REQUIRED ACTION: Scan the records below. Copy every line in which the word "roll" appears.

────

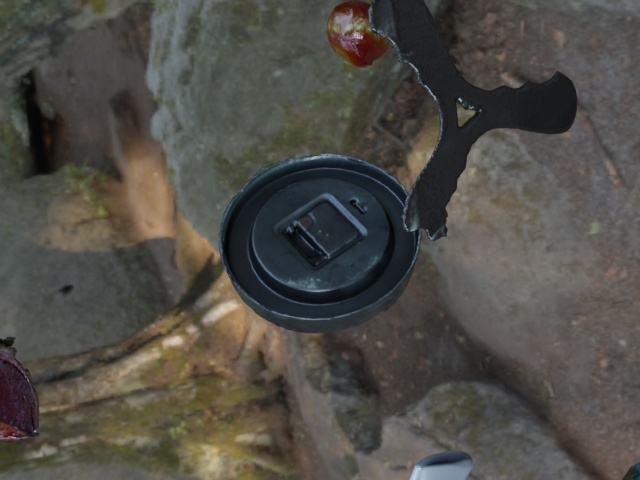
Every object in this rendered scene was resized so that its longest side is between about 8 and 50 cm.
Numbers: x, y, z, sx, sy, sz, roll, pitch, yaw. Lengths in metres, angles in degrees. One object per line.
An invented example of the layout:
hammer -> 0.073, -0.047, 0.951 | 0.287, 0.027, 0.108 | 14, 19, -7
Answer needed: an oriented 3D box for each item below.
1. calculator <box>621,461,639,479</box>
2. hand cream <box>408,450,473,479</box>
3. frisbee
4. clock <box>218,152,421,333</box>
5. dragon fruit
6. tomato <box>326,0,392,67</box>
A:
calculator -> 0.297, 0.276, 0.591 | 0.058, 0.248, 0.274 | -80, -5, -76
hand cream -> 0.092, 0.331, 0.951 | 0.048, 0.079, 0.255 | 46, 125, 41
frisbee -> 0.105, -0.091, 0.694 | 0.187, 0.211, 0.012 | -66, 21, -10
clock -> 0.000, 0.000, 1.195 | 0.055, 0.280, 0.281 | 83, 164, -56
dragon fruit -> -0.366, 0.151, 0.920 | 0.147, 0.102, 0.096 | 52, -146, -51
tomato -> 0.048, -0.261, 1.090 | 0.087, 0.087, 0.075 | 15, 79, 61
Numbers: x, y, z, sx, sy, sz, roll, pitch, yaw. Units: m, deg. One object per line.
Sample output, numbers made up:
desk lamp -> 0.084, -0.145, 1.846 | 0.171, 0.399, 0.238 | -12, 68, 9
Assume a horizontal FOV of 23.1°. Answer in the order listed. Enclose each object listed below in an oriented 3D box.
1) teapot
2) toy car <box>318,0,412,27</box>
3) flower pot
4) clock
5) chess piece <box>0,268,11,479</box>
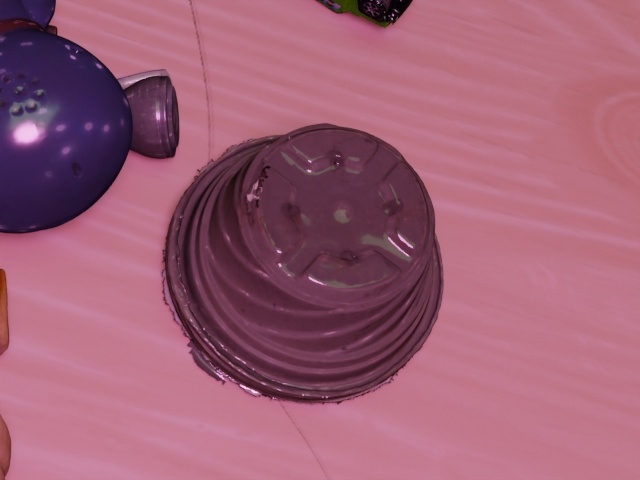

────

EXERCISE ANSWER:
Numbers: x, y, z, sx, sy, sz, roll, pitch, yaw. Lengths in metres, angles in degrees. One object per line.
Numbers: x, y, z, sx, sy, sz, roll, pitch, yaw. Units: m, deg. One object per line.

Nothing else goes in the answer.